The 2010 team featured a number of experienced juniors, seniors and fifth-year players.
"We had a lot of time together to understand each other as players and build that relationship on the field," said Pepe. "By the time 2010 came around, we had been playing together for so long and were able to take it to the next level."
The 2010 season brought an interesting dynamic – a group of experienced student-athletes, coupled with Lambinus' first season at Lehigh (he came in with more than a decade of head coaching experience at Moravian College).
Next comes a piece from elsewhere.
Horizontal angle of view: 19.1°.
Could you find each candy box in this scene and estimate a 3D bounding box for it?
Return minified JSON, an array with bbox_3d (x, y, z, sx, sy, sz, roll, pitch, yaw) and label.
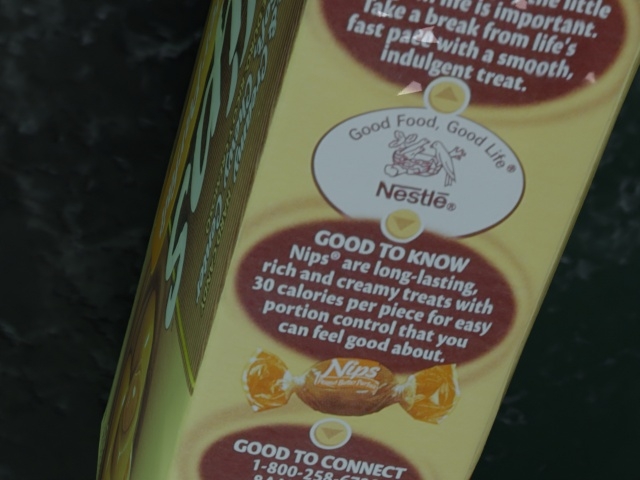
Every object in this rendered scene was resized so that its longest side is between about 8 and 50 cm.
[{"bbox_3d":[0.000,0.000,0.566,0.087,0.183,0.316,12,122,-11],"label":"candy box"}]

"It definitely does not surprise me that Genna has found so much success as an educator," said Lambinus. "She made one of the smoothest transitions from being a student-athlete to becoming our graduate assistant coach during her senior year. Genna has a great ability to read people and develop strong bonds, even though it sometimes takes time to gain her trust.  
"I laugh about her development because she literally did not talk to me for about two months when I was first named the coach of the program and in just two years, she grew into a great captain and assistant coach with the program," he continued. "That doesn't happen without development and trust. To this day, I can honestly say that Genna is one of the best soccer players I have coached, and more importantly, someone who always made everyone around her better, including myself."
Today, with Pepe's background as an educator, she has even greater appreciation for Lambinus' leadership in that unique situation.
"It can be intimidating to come into any team as a new coach, a tenured team and a team that's really hungry for something (a championship)," she said. "I believe Coach struck such a good balance of taking the time to get to know the players and understand us as people, on and off the field. He didn't come in and just enforce his will. He valued what our senior members had to say and worked collaboratively with them, and with us, to set a collective vision."
Genna Pepe 
That approach helped the entire team buy in to the team's direction and how they'd get from point a to point b.
"We were so bought into Coach because he was so bought into us," said Pepe. "He didn't shy away from making hard decisions."
The energy around the team was obvious and palpable.
"We had great leadership, from the coaches to upperclassmen, who constantly reminded us what we were capable of," said Pepe. "There was constant positivity and motivation. What I remember most from that season is the constant belief and momentum we continued to ride, all the way through the Patriot League Tournament."
There could be a belief in each other because at the core of the program was accountability.
"Whether it was working out in the weight room, doing film review or summer training, there was a different energy and dynamic in the ways we held each other accountable," said Pepe.
Pepe felt support in every part of her Lehigh student-athlete experience, which ultimately helped her learn and grow as a person, setting the foundation for a lifetime of leadership.
"In a university with some large class sizes, you don't always get that individualized push from professors or coaches, but at Lehigh, there was so much opportunity for focused attention on your leadership development," said Pepe. "Coach believed in me as a leader before I even believed in myself, and really pushed me to go outside my comfort zone in communication and the way I talked to the team and led the team."
Pepe admitted those moments were often uncomfortable, but she wouldn't have wanted it any other way.
"It was some of the best years of personal development," she said.
"I am so grateful for everything at Lehigh and also grateful for the soccer and athletics programs because it helped me develop into the person and educator I am today."